Paléologue et ses prélats suivent le pape de Ferrare à Florence. Il y est solennellement décidé et convenu par les représentants des Églises latine et grecque que « le Saint-Esprit procède du Père et du Fils par la production d’inspiration ; que le Père communique tout au Fils, excepté la paternité ; et que le Fils a de toute éternité la vertu productive, par laquelle le Saint-Esprit procède du Fils comme du Père ».

Le grand point intéressant et glorieux pour Rome était l’aveu de sa primatie. Le pape fut solennellement reconnu, le 6 juillet, pour le chef de l’Église universelle.

Cette union des Grecs et des Latins fut, à la vérité, désavouée bientôt après par toute l’Église grecque. La victoire du pape Eugène fut aussi vaine que les subtilités métaphysiques sur lesquelles on disputait.

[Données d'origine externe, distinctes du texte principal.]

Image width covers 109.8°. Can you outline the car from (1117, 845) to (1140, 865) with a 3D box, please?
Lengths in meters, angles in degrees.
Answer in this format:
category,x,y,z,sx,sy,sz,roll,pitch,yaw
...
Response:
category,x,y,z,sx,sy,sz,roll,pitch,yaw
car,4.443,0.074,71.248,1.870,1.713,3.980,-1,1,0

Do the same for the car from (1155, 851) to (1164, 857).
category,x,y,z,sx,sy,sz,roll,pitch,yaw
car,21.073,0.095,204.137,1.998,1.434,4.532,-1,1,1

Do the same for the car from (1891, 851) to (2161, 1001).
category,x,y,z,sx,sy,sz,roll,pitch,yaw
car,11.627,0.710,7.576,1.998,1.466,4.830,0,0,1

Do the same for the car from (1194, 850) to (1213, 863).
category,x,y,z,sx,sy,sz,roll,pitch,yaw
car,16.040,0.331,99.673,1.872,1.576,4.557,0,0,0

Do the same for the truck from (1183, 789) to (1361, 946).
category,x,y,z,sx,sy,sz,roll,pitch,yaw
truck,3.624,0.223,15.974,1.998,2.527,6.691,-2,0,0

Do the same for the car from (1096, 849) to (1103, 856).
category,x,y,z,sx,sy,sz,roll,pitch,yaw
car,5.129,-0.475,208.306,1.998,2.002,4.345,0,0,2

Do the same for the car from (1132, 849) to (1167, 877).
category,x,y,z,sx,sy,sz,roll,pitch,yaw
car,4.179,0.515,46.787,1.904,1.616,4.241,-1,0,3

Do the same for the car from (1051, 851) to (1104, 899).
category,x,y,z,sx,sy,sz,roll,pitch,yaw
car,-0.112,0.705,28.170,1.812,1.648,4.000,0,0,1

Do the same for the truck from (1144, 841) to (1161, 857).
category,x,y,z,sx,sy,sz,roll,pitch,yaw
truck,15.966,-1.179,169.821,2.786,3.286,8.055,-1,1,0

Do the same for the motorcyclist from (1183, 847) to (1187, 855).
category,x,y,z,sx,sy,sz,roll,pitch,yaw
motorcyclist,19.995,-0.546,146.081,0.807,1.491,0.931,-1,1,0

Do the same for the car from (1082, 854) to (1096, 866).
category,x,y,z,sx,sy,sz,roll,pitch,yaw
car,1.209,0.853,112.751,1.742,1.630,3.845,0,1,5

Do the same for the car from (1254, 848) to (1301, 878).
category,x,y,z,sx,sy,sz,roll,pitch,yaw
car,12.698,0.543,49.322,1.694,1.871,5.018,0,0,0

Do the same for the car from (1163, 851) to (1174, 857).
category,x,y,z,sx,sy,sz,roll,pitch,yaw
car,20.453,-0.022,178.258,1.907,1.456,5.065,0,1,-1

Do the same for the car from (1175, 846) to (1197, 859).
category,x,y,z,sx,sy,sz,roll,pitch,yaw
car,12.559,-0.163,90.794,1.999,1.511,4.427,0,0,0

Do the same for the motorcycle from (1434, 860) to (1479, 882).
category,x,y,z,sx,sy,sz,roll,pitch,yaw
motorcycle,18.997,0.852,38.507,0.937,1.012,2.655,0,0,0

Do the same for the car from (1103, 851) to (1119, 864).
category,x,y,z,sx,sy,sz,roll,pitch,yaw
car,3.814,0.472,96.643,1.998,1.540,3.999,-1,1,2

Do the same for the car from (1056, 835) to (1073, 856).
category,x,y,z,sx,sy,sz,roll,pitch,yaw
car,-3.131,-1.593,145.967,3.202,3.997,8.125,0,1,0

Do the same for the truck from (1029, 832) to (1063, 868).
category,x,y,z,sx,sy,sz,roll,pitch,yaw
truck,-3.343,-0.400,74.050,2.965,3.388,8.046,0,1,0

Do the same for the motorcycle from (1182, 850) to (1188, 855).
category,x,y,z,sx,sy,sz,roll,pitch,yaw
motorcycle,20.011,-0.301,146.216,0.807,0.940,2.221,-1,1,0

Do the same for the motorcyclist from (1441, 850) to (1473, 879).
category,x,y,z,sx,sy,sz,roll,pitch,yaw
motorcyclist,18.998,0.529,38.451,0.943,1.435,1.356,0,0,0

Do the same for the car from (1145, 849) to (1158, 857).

Dans le même temps qu’il rend ce service aux Latins, et qu’il finit, autant qu’il est en lui, le schisme de l’Orient et de l’Occident, le concile de Bâle le dépose du pontificat, le déclare rebelle, simoniaque, schismatique, hérétique, et parjure.

Il faut avouer que les Pères de Bâle agirent quelquefois comme des factieux imprudents, et qu’Eugène se conduisit comme un homme habile. Mais c’était un grand exemple des inconséquences qui gouvernent le monde, que la religion chrétienne étant née et détruite en Judée, le chef de cette religion, souverain à Rome, fût jugé et condamné en Suisse.

On ne doit pas oublier que Paléologue, de retour à Constantinople, fut si odieux à son Église, pour l’avoir soumise à Rome, que son propre fils lui refusa la sépulture.

Cependant les Turcs avancent jusqu’à Semendria en Hongrie. Au milieu de ces alarmes, Albert d’Autriche, dont on attendait beaucoup, meurt le 27 octobre, laissant l’empire affaibli, comme il l’avait trouvé, et l’Europe malheureuse.